Ángela Lara Hernández. Diplomada en Nutrición Humana y Dietética.
Sara Osuna de la Peña. Digital Content Junior
El diagnóstico de la enfermedad celíaca puede llegar a suponer un gran desafío, un proceso largo lleno de incertidumbre. Esto se debe a que la sintomatología puede variar mucho dependiendo del tipo de paciente.
El estándar del diagnóstico de la enfermedad celíaca está representado por la combinación del estudio del daño en la mucosa intestinal y los resultados positivos en las pruebas serológicas. No obstante, no son las únicas pruebas que se pueden realizar.
En cuanto a las pruebas serológicas, permiten identificar a las personas que son susceptibles de realizarse una biopsia intestinal, digamos que sirve como primera prueba a considerar. Dichas pruebas revelan los distintos anticuerpos. En función del anticuerpo que se evalúe, la sensibilidad de la prueba es más alta y por lo tanto más fiable. En este orden, los anticuerpos antitransglutaminasa de clase IgA (tTGA) son las que presentan una mayor especificidad (alrededor del 90%).

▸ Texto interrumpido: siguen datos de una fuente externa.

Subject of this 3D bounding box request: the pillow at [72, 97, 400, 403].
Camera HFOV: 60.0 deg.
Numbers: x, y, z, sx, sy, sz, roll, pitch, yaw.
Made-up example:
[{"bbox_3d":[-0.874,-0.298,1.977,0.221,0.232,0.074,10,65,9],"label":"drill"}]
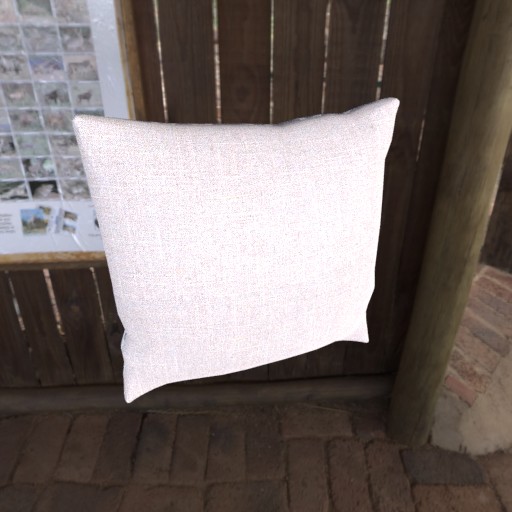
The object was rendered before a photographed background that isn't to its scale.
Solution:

Otra de las pruebas diagnósticas que se pueden realizar es la prueba genética; la enfermedad celíaca está estrechamente asociada con HLA DQ2 y DQ8 (antígenos de histocompatibilidad). Aunque prácticamente todos los pacientes con enfermedad celíaca son positivos para uno o ambos HLA, estas pruebas genéticas no son significativas desde el punto de vista diagnóstico, ya que alrededor de un 30% de la población general presentan estos HLA.
¿Cuándo se utilizan entonces las pruebas genéticas como parte del diagnóstico? Normalmente si existe una discrepancia entre el estudio serológico y el histológico; también para familiares de primer grado, así se valora la predisposición genética.
Por último, las pruebas histológicas son aquellas que estudian el daño del intestino. Estas muestras se recogen mediante biopsia a través de un examen endoscópico en la primera parte del tracto gastrointestinal. En este aspecto se observan, las vellosidades, el infiltrado linfocítico intraepitelial (muy importante, especialmente en las lesiones iniciales), las criptas glandulares y la lámina propia.
Se considera que está dañado y afectado cuando en el examen histológico hay un aumento de los linfocitos T intraepiteliales (25 linfocitos T por 100 células epiteliales), hay hiperplasia en las criptas o atrofia vellositaria (disminución de la altura, alterada la relación con las criptas e incluso desaparición total). Las lesiones de las vellosidades se clasifican con la escala de Marsh.
Ninguna de las lesiones epiteliales, anteriormente comentadas, es específica de la enfermedad celíaca de ahí que se necesite, para dar un diagnóstico fiable, que se combine con las otras pruebas diagnósticas comentadas en este blog.
Bibliografía
Villanacci V, Vanoli A, Leoncini G, Arpa G, Salviato T, Bonetti LR, Baronchelli C, Saragoni L, Parente P. Celiac disease: histology-differential diagnosis-complications. A practical approach. Pathologica. 2020 Sep;112(3):186-196. doi: 10.32074/1591-951X-157. PMID: 33179621; PMCID: PMC7931573.